— Supplied entries —
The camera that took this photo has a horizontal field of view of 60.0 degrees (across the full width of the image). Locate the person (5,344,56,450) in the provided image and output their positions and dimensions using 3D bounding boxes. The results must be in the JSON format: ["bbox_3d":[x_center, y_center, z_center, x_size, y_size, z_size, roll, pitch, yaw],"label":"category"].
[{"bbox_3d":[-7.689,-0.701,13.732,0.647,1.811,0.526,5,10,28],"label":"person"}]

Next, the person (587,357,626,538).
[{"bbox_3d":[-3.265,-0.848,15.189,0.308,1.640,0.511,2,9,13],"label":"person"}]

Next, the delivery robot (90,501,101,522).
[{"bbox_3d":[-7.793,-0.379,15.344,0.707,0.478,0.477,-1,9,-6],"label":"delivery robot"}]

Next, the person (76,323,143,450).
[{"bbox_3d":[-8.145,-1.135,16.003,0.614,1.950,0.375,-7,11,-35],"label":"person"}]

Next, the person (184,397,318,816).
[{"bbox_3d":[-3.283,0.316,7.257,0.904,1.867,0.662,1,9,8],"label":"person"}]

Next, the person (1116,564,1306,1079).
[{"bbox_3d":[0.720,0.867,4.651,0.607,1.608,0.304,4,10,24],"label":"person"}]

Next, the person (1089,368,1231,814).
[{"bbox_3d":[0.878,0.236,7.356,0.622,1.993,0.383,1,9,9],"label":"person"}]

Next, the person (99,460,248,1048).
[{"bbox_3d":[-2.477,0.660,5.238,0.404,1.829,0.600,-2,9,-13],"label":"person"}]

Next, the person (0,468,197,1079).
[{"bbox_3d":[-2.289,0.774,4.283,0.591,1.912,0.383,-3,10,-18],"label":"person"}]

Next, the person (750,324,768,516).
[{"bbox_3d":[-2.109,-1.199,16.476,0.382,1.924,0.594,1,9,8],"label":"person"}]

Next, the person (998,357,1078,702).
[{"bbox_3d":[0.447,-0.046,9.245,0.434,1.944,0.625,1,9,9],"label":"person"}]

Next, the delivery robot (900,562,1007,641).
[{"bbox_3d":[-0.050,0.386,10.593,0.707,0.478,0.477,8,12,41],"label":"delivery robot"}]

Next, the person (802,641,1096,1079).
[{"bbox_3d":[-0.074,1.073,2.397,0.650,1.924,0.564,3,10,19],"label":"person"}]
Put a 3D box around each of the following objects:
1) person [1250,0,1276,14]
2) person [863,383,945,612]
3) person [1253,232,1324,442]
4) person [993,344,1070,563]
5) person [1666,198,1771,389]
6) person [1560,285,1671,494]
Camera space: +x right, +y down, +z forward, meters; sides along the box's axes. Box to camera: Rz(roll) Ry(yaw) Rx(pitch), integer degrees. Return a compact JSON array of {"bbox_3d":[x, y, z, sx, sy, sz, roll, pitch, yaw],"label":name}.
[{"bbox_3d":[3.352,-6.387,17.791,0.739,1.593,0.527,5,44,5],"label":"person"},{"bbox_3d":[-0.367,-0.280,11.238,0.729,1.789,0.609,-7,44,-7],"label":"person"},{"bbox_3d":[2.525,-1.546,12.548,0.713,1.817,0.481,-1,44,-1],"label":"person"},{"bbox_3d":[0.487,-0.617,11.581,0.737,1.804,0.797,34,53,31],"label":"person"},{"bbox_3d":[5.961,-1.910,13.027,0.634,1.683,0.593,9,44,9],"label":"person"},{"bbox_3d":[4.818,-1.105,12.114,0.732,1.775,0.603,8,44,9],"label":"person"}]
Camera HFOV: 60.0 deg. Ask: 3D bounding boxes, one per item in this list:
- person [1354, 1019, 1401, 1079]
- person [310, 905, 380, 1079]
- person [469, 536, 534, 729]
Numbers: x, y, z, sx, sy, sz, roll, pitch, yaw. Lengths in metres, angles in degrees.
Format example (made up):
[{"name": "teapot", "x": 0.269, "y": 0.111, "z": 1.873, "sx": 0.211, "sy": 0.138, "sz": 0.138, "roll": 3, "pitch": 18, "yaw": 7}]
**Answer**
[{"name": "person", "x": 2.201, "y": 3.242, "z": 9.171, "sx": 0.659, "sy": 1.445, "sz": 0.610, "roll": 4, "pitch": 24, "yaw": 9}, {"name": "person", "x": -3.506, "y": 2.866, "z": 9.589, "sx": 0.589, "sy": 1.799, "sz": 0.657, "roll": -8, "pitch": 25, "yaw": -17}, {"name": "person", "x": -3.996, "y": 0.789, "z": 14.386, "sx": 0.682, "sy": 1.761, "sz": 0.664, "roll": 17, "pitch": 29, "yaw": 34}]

— What is being asked —
The data should be copied out in full, exactly as it reads.

— Output of the exercise —
The camera that took this photo has a horizontal field of view of 60.0 degrees (across the full width of the image). Locate the person (5,344,56,450) in the provided image and output their positions and dimensions using 3D bounding boxes. The results must be in the JSON format: ["bbox_3d":[x_center, y_center, z_center, x_size, y_size, z_size, roll, pitch, yaw],"label":"category"].
[{"bbox_3d":[-7.689,-0.701,13.732,0.647,1.811,0.526,5,10,28],"label":"person"}]

Next, the person (587,357,626,538).
[{"bbox_3d":[-3.265,-0.848,15.189,0.308,1.640,0.511,2,9,13],"label":"person"}]

Next, the delivery robot (90,501,101,522).
[{"bbox_3d":[-7.793,-0.379,15.344,0.707,0.478,0.477,-1,9,-6],"label":"delivery robot"}]

Next, the person (76,323,143,450).
[{"bbox_3d":[-8.145,-1.135,16.003,0.614,1.950,0.375,-7,11,-35],"label":"person"}]

Next, the person (184,397,318,816).
[{"bbox_3d":[-3.283,0.316,7.257,0.904,1.867,0.662,1,9,8],"label":"person"}]

Next, the person (1116,564,1306,1079).
[{"bbox_3d":[0.720,0.867,4.651,0.607,1.608,0.304,4,10,24],"label":"person"}]

Next, the person (1089,368,1231,814).
[{"bbox_3d":[0.878,0.236,7.356,0.622,1.993,0.383,1,9,9],"label":"person"}]

Next, the person (99,460,248,1048).
[{"bbox_3d":[-2.477,0.660,5.238,0.404,1.829,0.600,-2,9,-13],"label":"person"}]

Next, the person (0,468,197,1079).
[{"bbox_3d":[-2.289,0.774,4.283,0.591,1.912,0.383,-3,10,-18],"label":"person"}]

Next, the person (750,324,768,516).
[{"bbox_3d":[-2.109,-1.199,16.476,0.382,1.924,0.594,1,9,8],"label":"person"}]

Next, the person (998,357,1078,702).
[{"bbox_3d":[0.447,-0.046,9.245,0.434,1.944,0.625,1,9,9],"label":"person"}]

Next, the delivery robot (900,562,1007,641).
[{"bbox_3d":[-0.050,0.386,10.593,0.707,0.478,0.477,8,12,41],"label":"delivery robot"}]

Next, the person (802,641,1096,1079).
[{"bbox_3d":[-0.074,1.073,2.397,0.650,1.924,0.564,3,10,19],"label":"person"}]
Put a 3D box around each of the following objects:
1) person [1250,0,1276,14]
2) person [863,383,945,612]
3) person [1253,232,1324,442]
4) person [993,344,1070,563]
5) person [1666,198,1771,389]
6) person [1560,285,1671,494]
Camera space: +x right, +y down, +z forward, meters; sides along the box's axes. Box to camera: Rz(roll) Ry(yaw) Rx(pitch), integer degrees. Return a compact JSON array of {"bbox_3d":[x, y, z, sx, sy, sz, roll, pitch, yaw],"label":name}.
[{"bbox_3d":[3.352,-6.387,17.791,0.739,1.593,0.527,5,44,5],"label":"person"},{"bbox_3d":[-0.367,-0.280,11.238,0.729,1.789,0.609,-7,44,-7],"label":"person"},{"bbox_3d":[2.525,-1.546,12.548,0.713,1.817,0.481,-1,44,-1],"label":"person"},{"bbox_3d":[0.487,-0.617,11.581,0.737,1.804,0.797,34,53,31],"label":"person"},{"bbox_3d":[5.961,-1.910,13.027,0.634,1.683,0.593,9,44,9],"label":"person"},{"bbox_3d":[4.818,-1.105,12.114,0.732,1.775,0.603,8,44,9],"label":"person"}]
Camera HFOV: 60.0 deg. Ask: 3D bounding boxes, one per item in this list:
- person [1354, 1019, 1401, 1079]
- person [310, 905, 380, 1079]
- person [469, 536, 534, 729]
Numbers: x, y, z, sx, sy, sz, roll, pitch, yaw. Lengths in metres, angles in degrees.
Format example (made up):
[{"name": "teapot", "x": 0.269, "y": 0.111, "z": 1.873, "sx": 0.211, "sy": 0.138, "sz": 0.138, "roll": 3, "pitch": 18, "yaw": 7}]
**Answer**
[{"name": "person", "x": 2.201, "y": 3.242, "z": 9.171, "sx": 0.659, "sy": 1.445, "sz": 0.610, "roll": 4, "pitch": 24, "yaw": 9}, {"name": "person", "x": -3.506, "y": 2.866, "z": 9.589, "sx": 0.589, "sy": 1.799, "sz": 0.657, "roll": -8, "pitch": 25, "yaw": -17}, {"name": "person", "x": -3.996, "y": 0.789, "z": 14.386, "sx": 0.682, "sy": 1.761, "sz": 0.664, "roll": 17, "pitch": 29, "yaw": 34}]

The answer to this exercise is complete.